The device developed within the framework of this thesis has obtained prominent international recognition in the field of pediatric medical innovation. In 2024, the technology was recognized among the six most relevant projects worldwide in pediatric medical device innovation by the Alliance for Pediatric Device Innovation, and subsequently ranked among the top three projects in Europe within the Impact4Kids acceleration program, promoted by Stanford Biodesign and i4Kids Europe.
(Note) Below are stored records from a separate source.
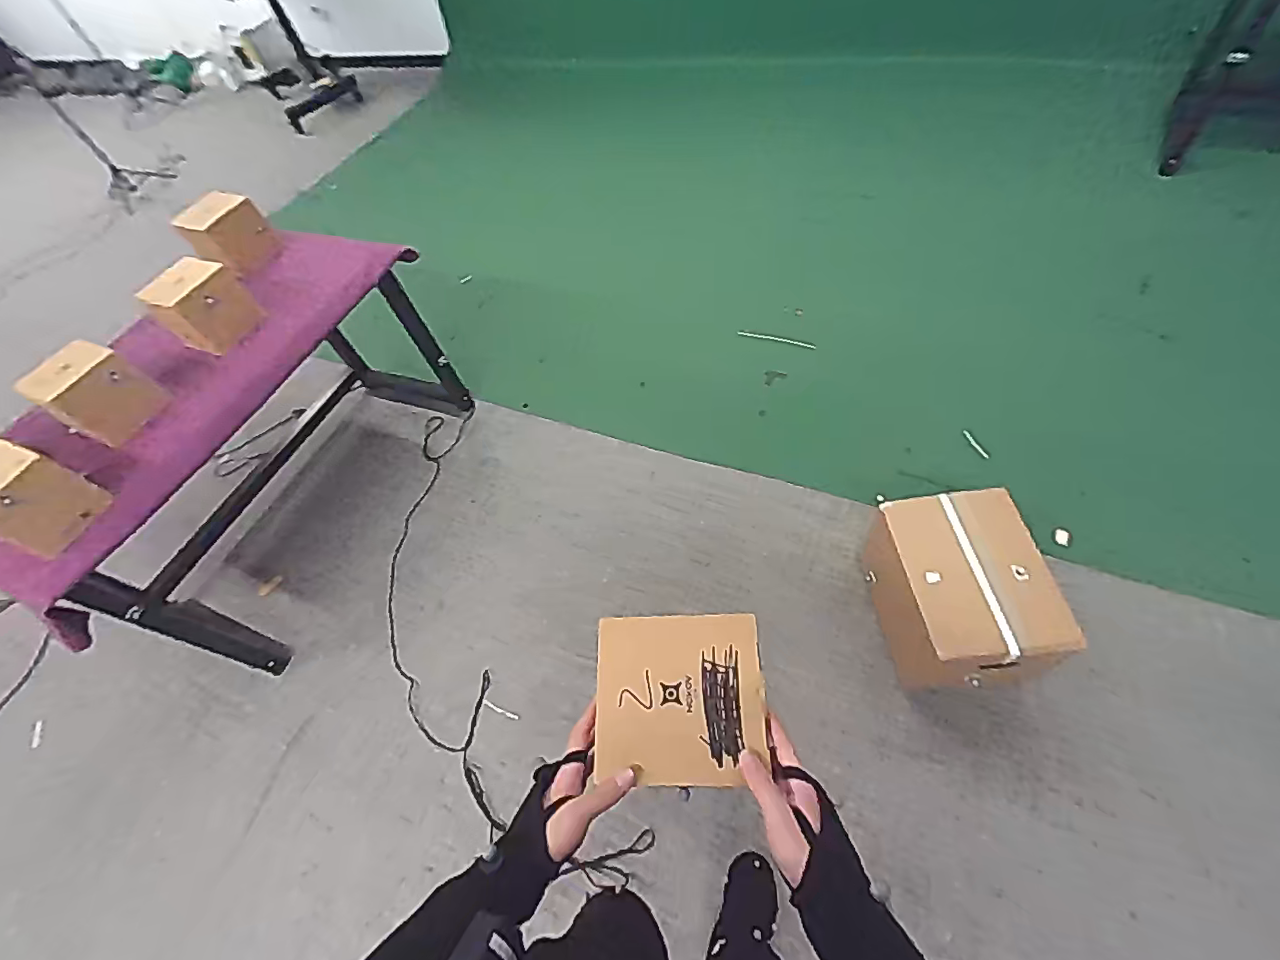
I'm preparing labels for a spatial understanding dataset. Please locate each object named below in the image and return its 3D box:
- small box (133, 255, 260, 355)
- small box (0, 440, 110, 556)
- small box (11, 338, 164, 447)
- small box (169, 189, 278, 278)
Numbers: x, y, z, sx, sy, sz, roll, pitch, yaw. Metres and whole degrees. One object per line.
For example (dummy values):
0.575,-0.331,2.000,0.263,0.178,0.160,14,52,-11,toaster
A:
-1.178,-0.471,1.458,0.168,0.176,0.179,17,63,20,small box
-1.302,0.040,1.139,0.179,0.176,0.168,14,61,20,small box
-1.319,-0.212,1.310,0.168,0.176,0.179,17,61,21,small box
-1.260,-0.755,1.656,0.168,0.176,0.179,19,63,20,small box
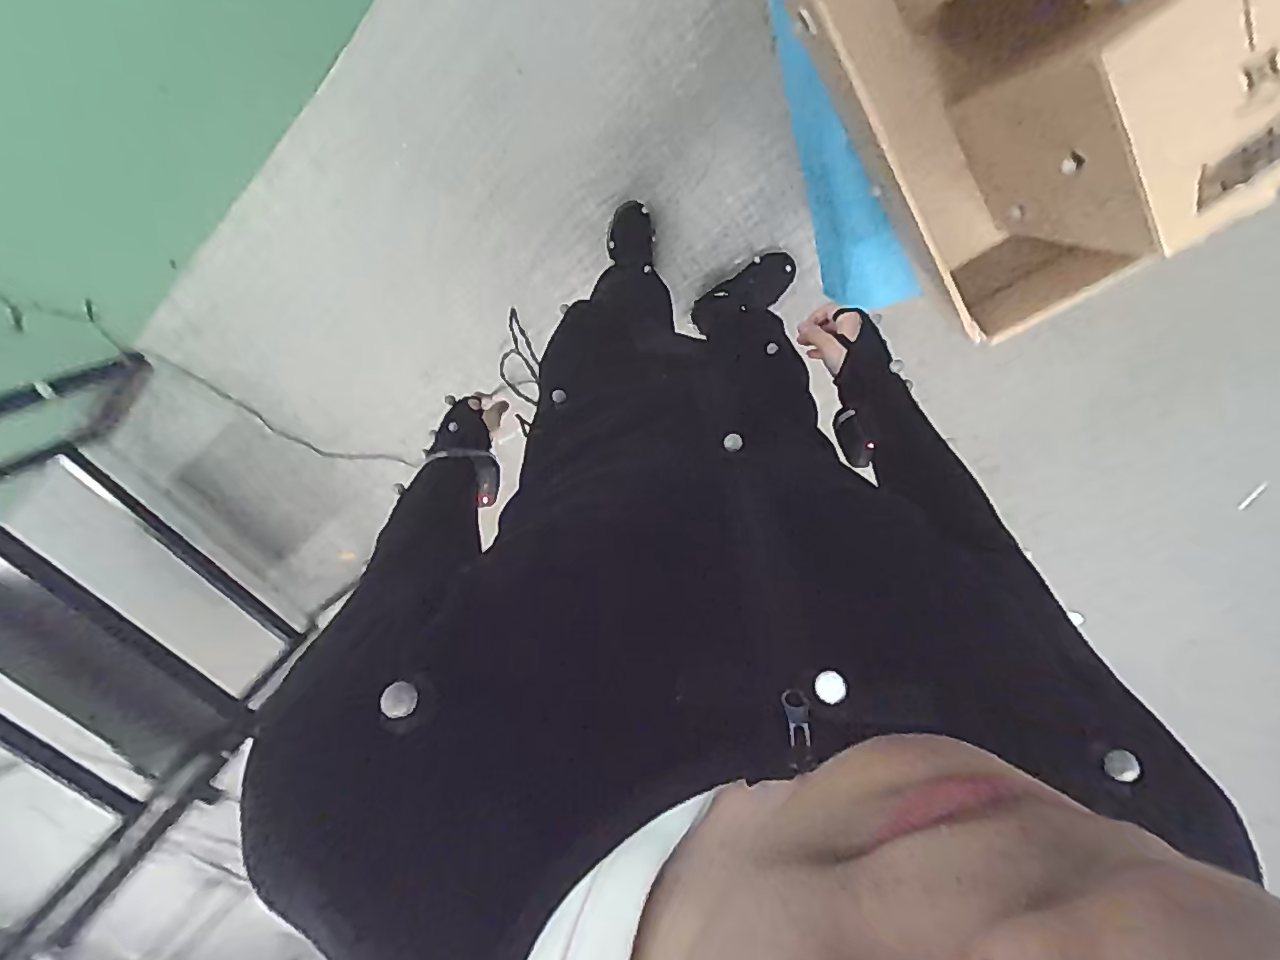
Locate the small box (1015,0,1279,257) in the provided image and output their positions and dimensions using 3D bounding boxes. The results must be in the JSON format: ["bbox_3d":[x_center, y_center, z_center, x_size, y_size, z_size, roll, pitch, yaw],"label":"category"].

The research linked to Dr. Canalejo Codina’s thesis has received various competitive grants and academic distinctions. These include a PhD fellowship funded by the Ministerio de Ciencia e Innovación – Agencia Estatal de Investigación, within the framework of the PolyCoarct project; the grant from the Private Foundation Daniel Bravo Andreu for biomedical research in prestigious international centers; the Scholarship for the best doctoral thesis project awarded by the College of Industrial Engineers of Catalonia; the Banco Santander award for predoctoral researchers; as well as other recognitions for academic and scientific excellence.
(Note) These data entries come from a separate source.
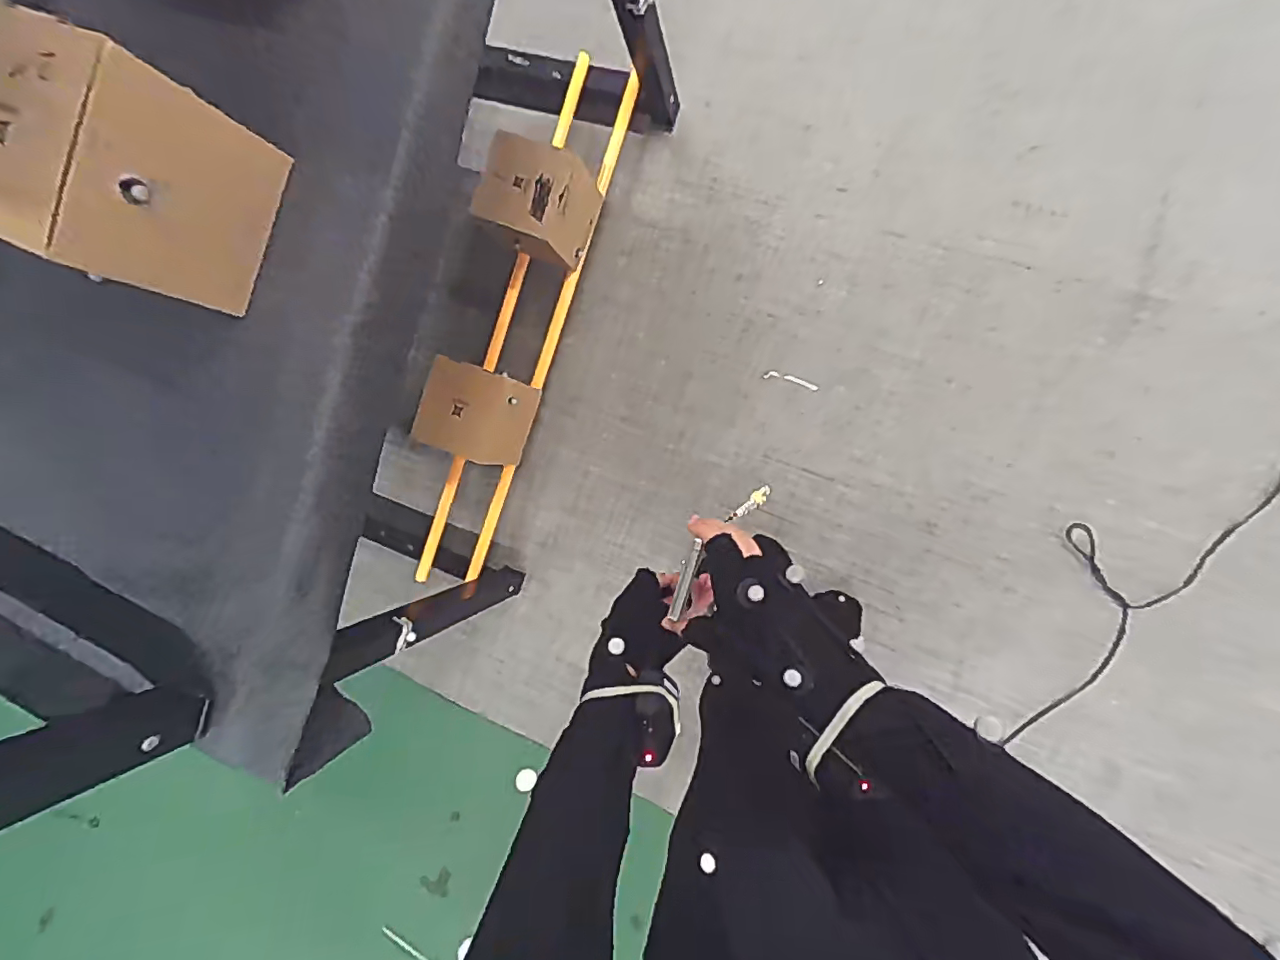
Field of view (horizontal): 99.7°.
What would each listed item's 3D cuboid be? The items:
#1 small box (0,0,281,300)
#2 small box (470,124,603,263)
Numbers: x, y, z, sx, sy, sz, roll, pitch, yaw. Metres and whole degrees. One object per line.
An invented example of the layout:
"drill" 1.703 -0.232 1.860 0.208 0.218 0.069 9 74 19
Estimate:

Additionally, the framework of this research has received grants from AGAUR – Generalitat of Catalonia, Alliance for Pediatric Device Innovation, Impact4Kids, “la Caixa” Foundation, MIT-Spain, MIT Deshpande Center for Technological Innovation, MIT Mechanical Engineering, and the National Science Foundation. As a result, the PolyCoarct project has participated in leading international forums, with presentations at SITE, MIT, Harvard, MedTech Conference, Barcelona Deep Tech Summit, Pediatric Investment Forum, Midwest Pediatric Device Consortia, Impact LaunchPad, and other specialized forums in technological transfer, biomedical innovation, and pediatric medical devices.